One of the 'nice to have' things in the table would be a special drawer for my saw blades in the rear of the table. Neither the vac or dust collector will take up all the space and I'll have about 5" to play with under the table top in the rear. Plenty of space for rear drawers or (if I'm really clever) to make the rear part of the table a flip-up affair to get to a storage space under it. That may be beyond my capability at present, so drawers are a better answer.
With the front area semi-complete, I can put up the sides, internal wall (between the router area and the rear dust collection area) and begin running piping and tubing for the dust collection system, and the power cables to run everything. Inlets with immediate single outlet boxes in the rear will allow me to run power cables back to the rear and get a single feed for each of the router and dust collector with switches in front. Doors to get to the rear area (or lower rear area) will be cut out and concealed hinges put in for them, thus allowing easy access to the vacuum area.
When this is done all the routing tools get a home in one place, the dust collection gets centralized (and ports standardized), the table that all of this sits on gets to be folded up to go away someplace, and workflows get straightened out when everything has a home to go to.

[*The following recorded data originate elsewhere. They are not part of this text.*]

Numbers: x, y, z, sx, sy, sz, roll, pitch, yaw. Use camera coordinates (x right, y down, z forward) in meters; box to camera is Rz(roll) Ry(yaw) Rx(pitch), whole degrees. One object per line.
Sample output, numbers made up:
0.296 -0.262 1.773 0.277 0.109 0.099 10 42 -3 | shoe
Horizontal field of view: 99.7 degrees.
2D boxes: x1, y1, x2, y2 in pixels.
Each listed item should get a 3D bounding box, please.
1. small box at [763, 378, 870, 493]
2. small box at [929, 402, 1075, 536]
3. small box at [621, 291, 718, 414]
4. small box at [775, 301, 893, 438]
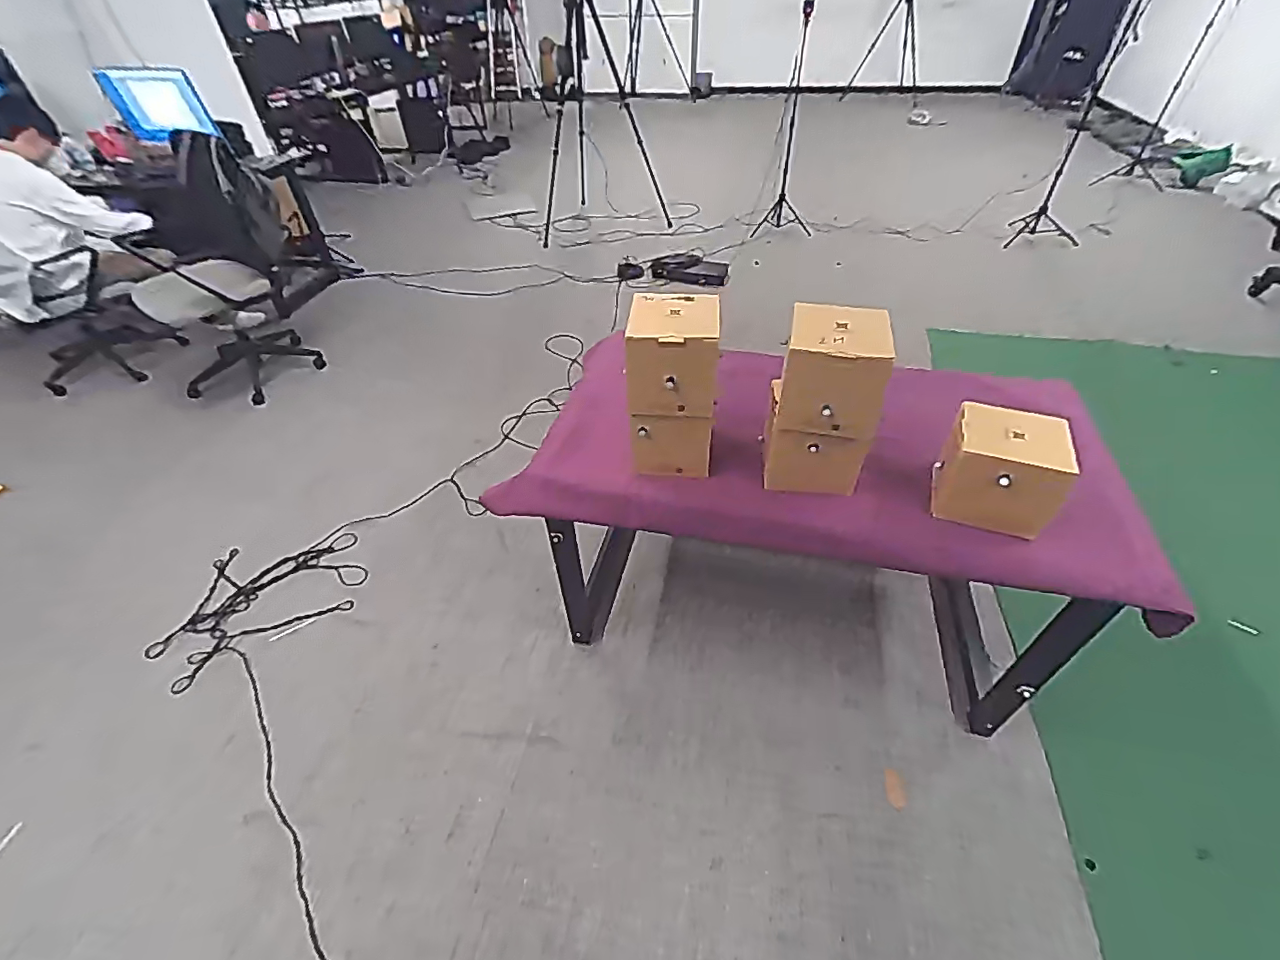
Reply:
0.346 -0.089 1.102 0.179 0.176 0.168 5 44 6 | small box
0.668 -0.018 1.015 0.179 0.176 0.168 15 45 19 | small box
0.061 -0.243 1.034 0.168 0.176 0.179 4 45 5 | small box
0.344 -0.202 0.982 0.168 0.176 0.179 9 45 12 | small box

After this comes a stand for the miter saw, a stand for my bench grinder (now sitting off-line due to lack of space) and the slow cleaning out to get at the raw materials necessary to build this stuff. With smaller stands and a home for the dust collecting detritus (fittings, hoses, etc.) another table can come down and the stuff under it can get shelved because the shelves will then be accessible! Glory Be! While there will still be large pieces of equipment, they will be mobile and easy to move, and those that have work tops will have a common height so that they can serve as run-out tables, supports or other fine things as yet undecided. I might even put together a proper stand for my drill press so that its table can be at a common height... then I might even get to put together a seamless workflow utilizing everything... what a thought! Then, maybe, a special table for small piece finishing and firearms cleaning that I can SIT AT!
More than a body can handle, I know.
I learn a lot along the way by trial and error and this is necessary knowledge. Right now it is one step at a time. They are small steps, yes, but steps nonetheless, until I can get to that day when I'm doing something other than building equipment to do things I want to do. Making the tools to make the tools so I can actually get to make things I want to make.